You should also have a clearer understanding of the difference between classification problems., regression and grouping, since with this you can create a data science model separately. Depending on the type of problem you encounter, knowledge of these three machine learning techniques is extremely helpful.

Even if you don't like statistics, you have yet to learn statistics to advance your data science journey. I was never a fan of statistics, despite this, I found that without them I would not be able to understand advanced concepts. Statistical methods have been used primarily to ensure that the data collected by you has been correctly interpreted.. Principally, statistical analysis helps find the meaning of meaningless numbers in the data.

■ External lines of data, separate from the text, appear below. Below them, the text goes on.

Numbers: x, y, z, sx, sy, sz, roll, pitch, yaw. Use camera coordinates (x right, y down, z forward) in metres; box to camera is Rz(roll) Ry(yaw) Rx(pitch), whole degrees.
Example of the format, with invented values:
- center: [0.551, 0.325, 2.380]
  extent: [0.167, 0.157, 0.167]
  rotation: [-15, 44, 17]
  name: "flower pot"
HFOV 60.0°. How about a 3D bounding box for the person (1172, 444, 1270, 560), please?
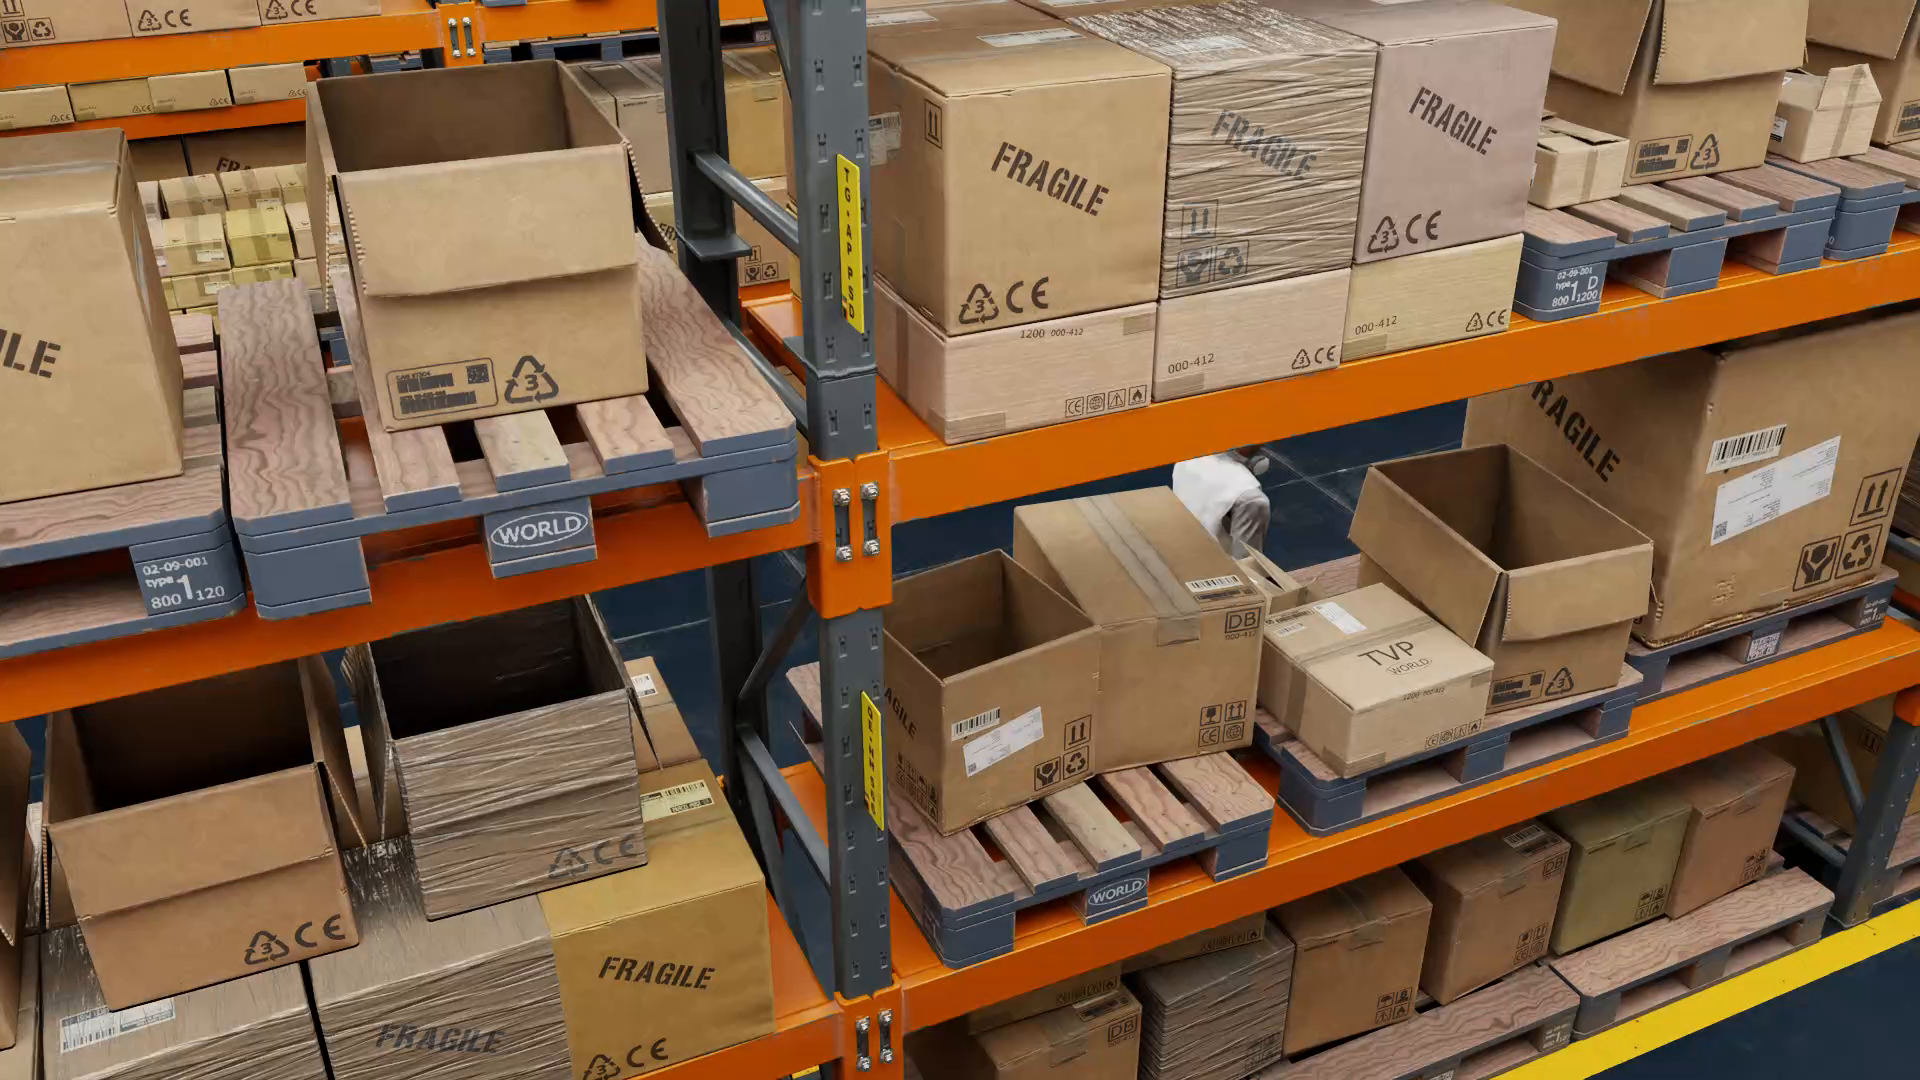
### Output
- center: [1.043, 0.203, 6.736]
  extent: [0.460, 1.772, 0.581]
  rotation: [-13, 32, -22]
  name: "person"
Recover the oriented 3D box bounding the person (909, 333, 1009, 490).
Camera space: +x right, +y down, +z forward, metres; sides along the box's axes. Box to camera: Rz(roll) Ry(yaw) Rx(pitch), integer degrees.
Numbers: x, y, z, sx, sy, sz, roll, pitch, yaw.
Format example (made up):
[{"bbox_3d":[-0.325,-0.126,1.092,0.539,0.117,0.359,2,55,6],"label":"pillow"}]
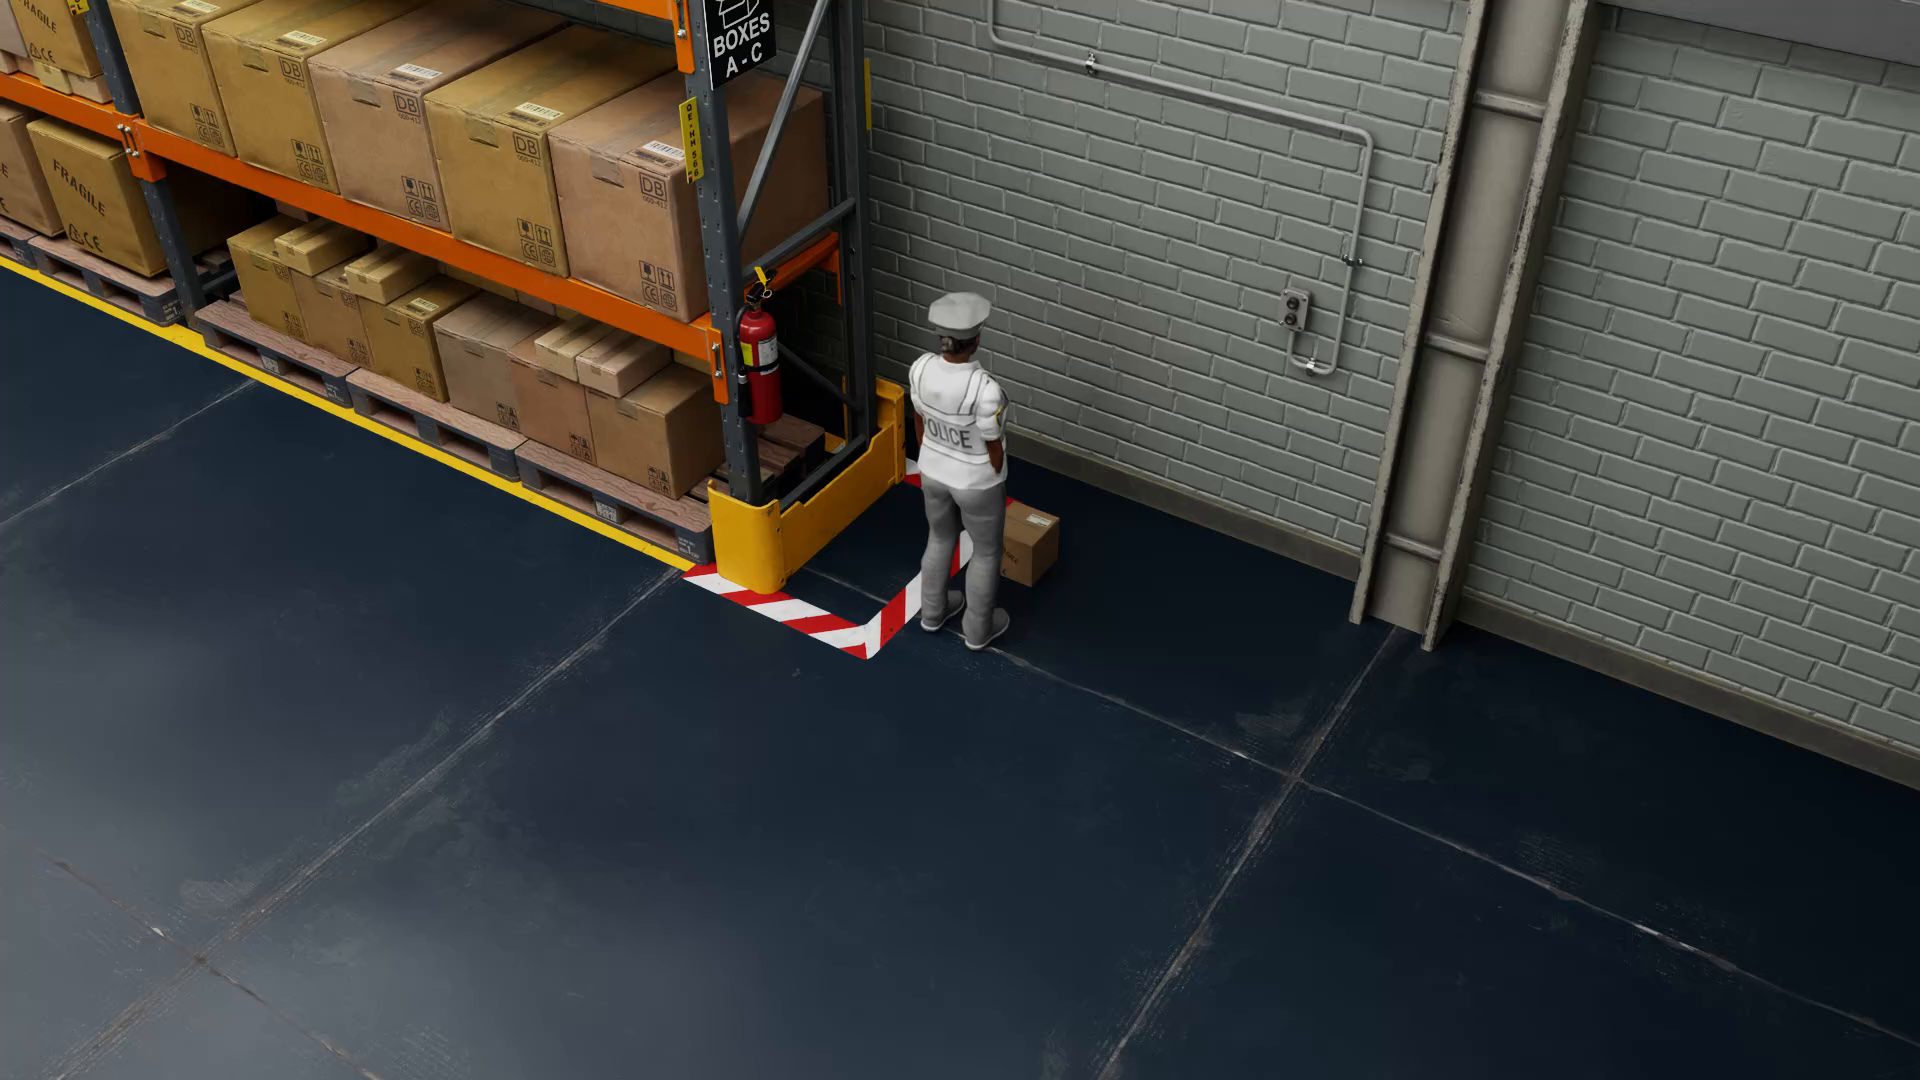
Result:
[{"bbox_3d":[0.002,-0.536,6.820,0.438,0.979,0.340,23,44,26],"label":"person"}]

Over time, I started to enjoy learning statistics for data science. Here's what you need to learn for data science:

  • Statistics and probability theory
  • Probability distributions
  • Hypothesis testing
  • Statistical modeling and fitting
  • Machine learning
  • Regression analysis
  • Bayesian thinking and modeling

There are many sources to learn Statistics from. I recommend learning the concepts of Udacity and Khan Academy. If you find it boring, Stats Quest Youtube channel is a fun way to learn statistics. If you are already enrolled in a course, religiously follow your curriculum for a better understanding.

Build a curriculum / structure to learn:

Learning without thinking may produce little or no results, since there is no external motivating factor to keep you going. If you plan to transition your career, if you are already familiar with data science and machine learning, be sure to plan your study in advance. It is essential to create a course plan and stick with it until you complete it.

If you plan to start your data science journey from scratch, you must enroll in a trusted course and follow its guidelines. Even though there are a plethora of courses out there, Companies like DataPeaker have launched an interesting line of courses that also give a guarantee of work if you follow their plan and program diligently.. It's a great way to stay motivated and complete your data science journey..

Stick to a particular plan and don't forget to review and learn new concepts daily.

Join communities and groups:

There are many free online groups in data science, where you can get many resources and online help. Once you are comfortable with coding and implementing concepts, don't forget to share your doubts and concerns if you get stuck. The experts will always be there to support you and solve your problems.

Start reviewing projects and rebuilding them

Reviewing existing projects and checking your code from start to finish can bring a whole new perspective to your learning pace.. Simple theoretical knowledge is not enough; putting the same projects into practice live can accelerate your career very fast. To better understand, you can always start a project with a good amount of knowledge. As an example, I worked in the financial sector, so I decided to start with a trade hurdle that related to my area of ​​expertise. With my knowledge of the domain and my skills in data science, I was able to understand the constant concern the company faced. With my data science skills, knew exactly which model implementation could produce results.

Good, this is how i started my journey. I am very happy with the progress I made, and I have seen my peers who have worked towards their passion for data science and have successfully turned their career into data science.

About me:

Hello there, I am Ananya and I am a passionate blogger and business analyst. My data science journey has just begun and I'm enjoying every part. I can work on two of my best domains: data science and e-commerce, and i can't be prouder of it.

The media shown in this post is not the property of DataPeaker and is used at the author's discretion.

Subscribe to our Newsletter

We will not send you SPAM mail. We hate it as much as you.